Mary Lou McDonald (right) takes a drink of water while Jonathan Dowdall does push ups (left) at training for a Sinn Féin event in Corinthians Boxing Club, founded by Gerry ‘The Monk’ Hutch. Pic: Sinn Féin An Phoblacht

Mary Lou McDonald (right) takes a drink of water while Jonathan Dowdall does push ups (left) at training for a Sinn Féin event in Corinthians Boxing Club, founded by Gerry ‘The Monk’ Hutch. Pic: Sinn Féin An Phoblacht

A decade ago next month, Mary Lou McDonald was training with Jonathan Dowdall for a white-collar boxing event at a gym founded by and funded for several years by Gerry ‘The Monk’ Hutch.

The coaches at Corinthians boxing club do great work with kids in the north inner city, a community ravaged by drugs and deprivation. A Sinn Féin video shows Dowdall doing push-ups while McDonald takes a break and sips water in the club synonymous for many year with ‘The Monk’. As photo-ops go, the image didn’t age too well.

Dowdall would become a Sinn Féin councillor a year later, in the 2014 local elections, but it was a short-lived and fractious stint. The last time the pair were seen together was in late 2014 when McDonald was answering questions about Mairia Cahill’s revelations about Sinn Féin’s knowledge of a cover-up of rape, sexual abuse and grooming by members of the Provisional IRA. Lurking in the background, offering his support to his mentor, was Dowdall.

It’s strange because five weeks earlier, McDonald announced the “hard-working and respected councillor” was stepping down from elected politics for “health reasons” and lavished praise on Dowdall. “Jonathan is a very popular and respected member of his community and he will be missed in his elected role by me, the local party organisation and by local constituents,” she said in a statement to ‘The Journal’. “I would ask to the media to respect Jonathan and his family’s privacy at this time.”

But Dowdall was not silent.

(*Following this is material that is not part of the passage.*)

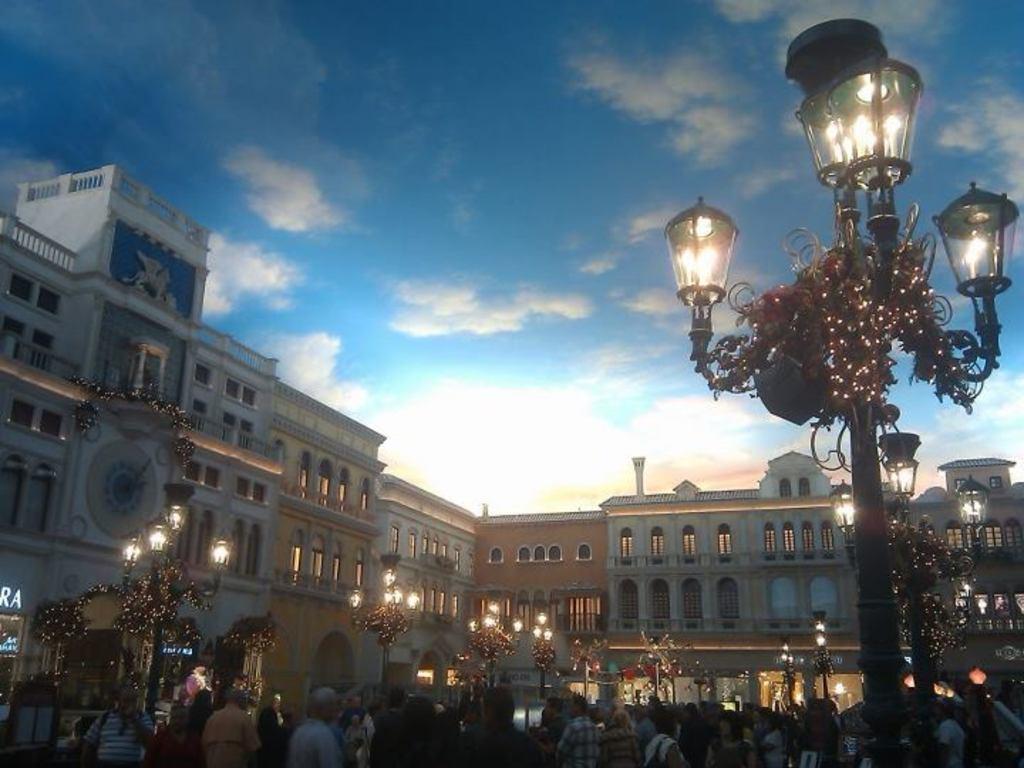Can you describe this image briefly? In this image I can see number of persons are standing, few metal poles with few lights to it and few buildings. In the background I can see the sky. 
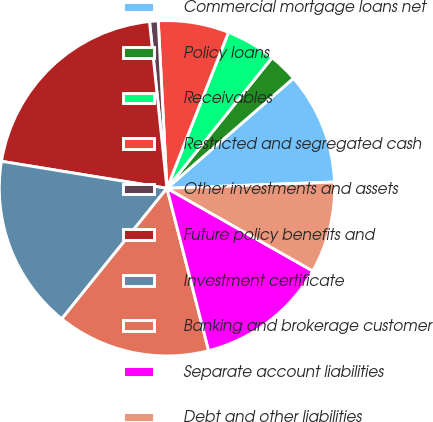Convert chart to OTSL. <chart><loc_0><loc_0><loc_500><loc_500><pie_chart><fcel>Commercial mortgage loans net<fcel>Policy loans<fcel>Receivables<fcel>Restricted and segregated cash<fcel>Other investments and assets<fcel>Future policy benefits and<fcel>Investment certificate<fcel>Banking and brokerage customer<fcel>Separate account liabilities<fcel>Debt and other liabilities<nl><fcel>10.8%<fcel>2.82%<fcel>4.81%<fcel>6.81%<fcel>0.83%<fcel>20.77%<fcel>16.78%<fcel>14.79%<fcel>12.79%<fcel>8.8%<nl></chart>

He was saying it wasn’t just health reasons and was claiming party members had been “spreading rumours” about him. He ended up rejoining Sinn Féin a few weeks later after talks with party figures and McDonald’s “total support”.

Sinn Féin has always sung dumb about any “negative rumours”, even though it now appears there were strong mutterings about Dowdall’s links to criminality. McDonald’s rising star was up to his neck in crime. Several weeks following that appearance by McDonald’s side, and while still a Sinn Féin councillor, Dowdall waterboarded, tortured and threatened to kill a man at his home, saying he was a senior figure in the IRA and friends with Gerry Adams and Mary Lou McDonald. Dowdall would ultimately be sentenced to 10 years in prison for the crime.

Gardaí discovered a mobile phone recording of Dowdall wearing a balaclava and holding a tea-towel to the man’s face before pouring water over his head, a torture technique known as waterboarding, when searching his house in the wake of the Regency Hotel murder.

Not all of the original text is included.